Exercise = What is the number of lines below that contain the word "house"? Respond with that number alone.

Records from a collection =
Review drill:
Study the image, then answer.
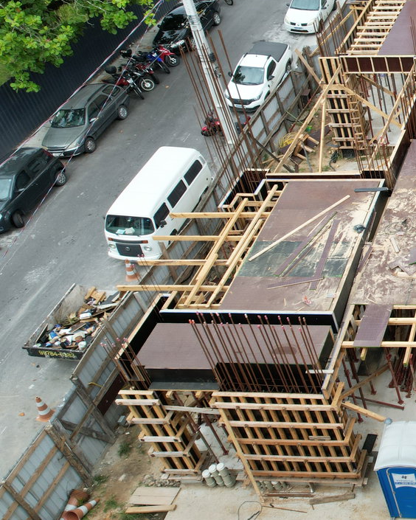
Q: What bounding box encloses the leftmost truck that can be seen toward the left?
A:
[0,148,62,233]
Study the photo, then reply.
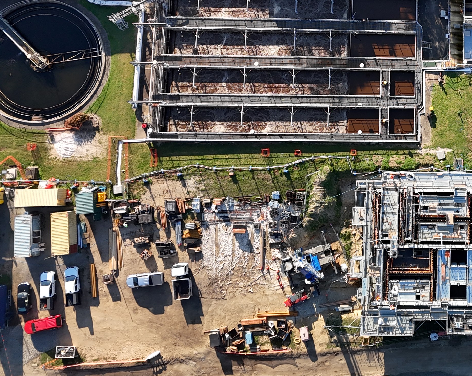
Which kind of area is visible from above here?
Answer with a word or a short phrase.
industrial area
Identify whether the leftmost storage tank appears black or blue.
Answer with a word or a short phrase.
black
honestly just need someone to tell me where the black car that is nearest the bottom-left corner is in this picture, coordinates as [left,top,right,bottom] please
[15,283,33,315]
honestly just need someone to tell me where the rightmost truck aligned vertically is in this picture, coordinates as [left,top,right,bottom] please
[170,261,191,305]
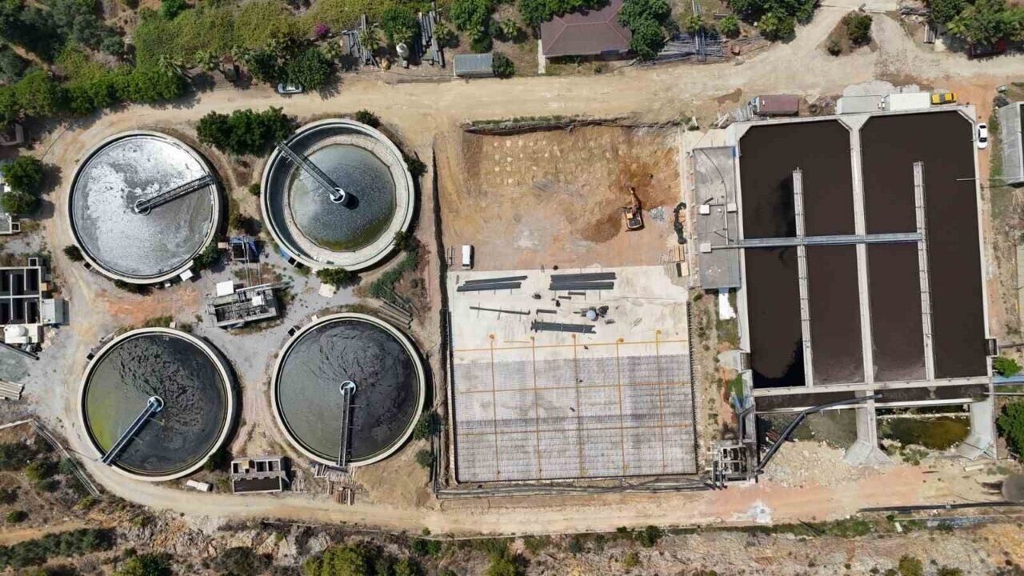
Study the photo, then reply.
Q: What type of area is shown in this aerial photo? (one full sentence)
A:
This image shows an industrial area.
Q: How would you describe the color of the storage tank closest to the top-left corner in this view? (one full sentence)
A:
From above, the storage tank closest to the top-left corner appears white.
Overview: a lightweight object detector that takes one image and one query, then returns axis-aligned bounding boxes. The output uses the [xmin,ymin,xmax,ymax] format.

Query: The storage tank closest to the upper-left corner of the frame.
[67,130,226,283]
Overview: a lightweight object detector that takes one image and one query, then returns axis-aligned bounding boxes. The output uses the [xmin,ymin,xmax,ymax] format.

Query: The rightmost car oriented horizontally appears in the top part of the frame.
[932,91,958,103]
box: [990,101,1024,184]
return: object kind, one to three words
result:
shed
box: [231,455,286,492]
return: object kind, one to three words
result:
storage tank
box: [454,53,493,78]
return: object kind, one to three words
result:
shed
* * *
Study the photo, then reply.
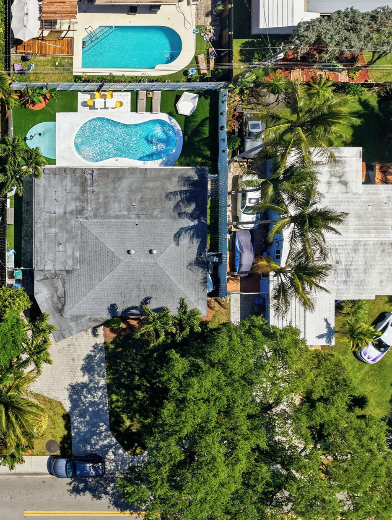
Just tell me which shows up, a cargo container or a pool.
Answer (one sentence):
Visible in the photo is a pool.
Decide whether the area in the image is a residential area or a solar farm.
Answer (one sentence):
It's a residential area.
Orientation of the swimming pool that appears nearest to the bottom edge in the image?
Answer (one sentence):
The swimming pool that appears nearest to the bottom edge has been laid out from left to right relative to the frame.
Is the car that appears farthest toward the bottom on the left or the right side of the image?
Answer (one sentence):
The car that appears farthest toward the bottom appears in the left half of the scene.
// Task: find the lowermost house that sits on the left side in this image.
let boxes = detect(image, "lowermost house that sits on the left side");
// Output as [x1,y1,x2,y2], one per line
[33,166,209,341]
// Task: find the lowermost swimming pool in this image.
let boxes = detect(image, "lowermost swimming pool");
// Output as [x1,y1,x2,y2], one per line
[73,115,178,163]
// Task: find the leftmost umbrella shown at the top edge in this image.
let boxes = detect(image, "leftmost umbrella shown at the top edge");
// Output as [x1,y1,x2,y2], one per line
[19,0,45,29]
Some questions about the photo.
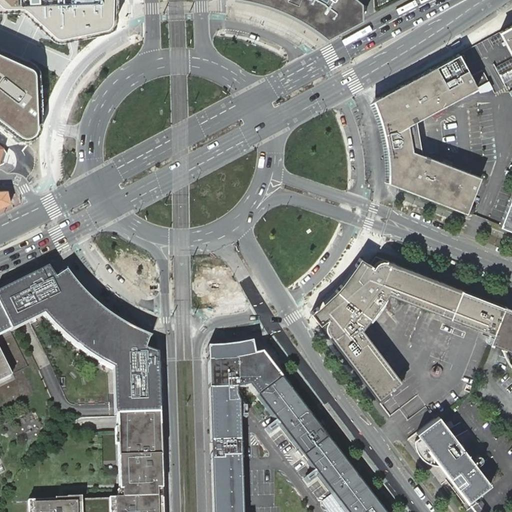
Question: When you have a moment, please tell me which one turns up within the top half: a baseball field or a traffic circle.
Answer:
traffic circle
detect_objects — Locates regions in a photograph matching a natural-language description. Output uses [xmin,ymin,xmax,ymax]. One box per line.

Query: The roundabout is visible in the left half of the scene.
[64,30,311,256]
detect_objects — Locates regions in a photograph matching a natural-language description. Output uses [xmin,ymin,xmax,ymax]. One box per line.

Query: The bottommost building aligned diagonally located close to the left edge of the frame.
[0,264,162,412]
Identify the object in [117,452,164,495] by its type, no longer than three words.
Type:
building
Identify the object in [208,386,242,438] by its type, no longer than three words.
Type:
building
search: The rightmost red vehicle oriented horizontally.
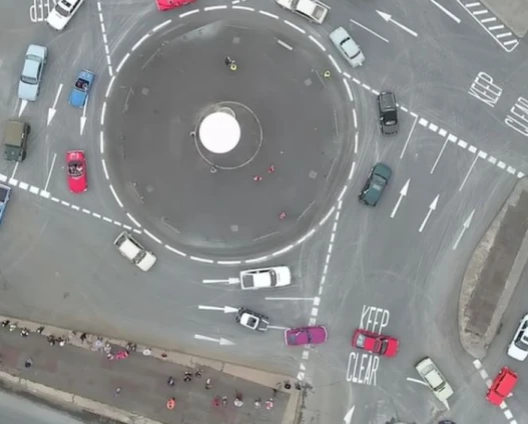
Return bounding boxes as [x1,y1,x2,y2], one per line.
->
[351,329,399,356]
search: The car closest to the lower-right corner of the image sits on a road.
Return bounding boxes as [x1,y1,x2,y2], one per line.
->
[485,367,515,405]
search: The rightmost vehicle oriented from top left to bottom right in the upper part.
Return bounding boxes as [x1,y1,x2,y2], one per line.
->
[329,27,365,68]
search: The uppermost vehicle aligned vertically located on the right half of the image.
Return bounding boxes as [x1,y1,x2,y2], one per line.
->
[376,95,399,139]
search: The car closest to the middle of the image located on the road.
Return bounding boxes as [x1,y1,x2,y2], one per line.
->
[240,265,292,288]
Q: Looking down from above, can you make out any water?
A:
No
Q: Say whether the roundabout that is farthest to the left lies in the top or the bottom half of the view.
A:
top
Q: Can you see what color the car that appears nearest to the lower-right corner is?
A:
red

Answer to this task = 2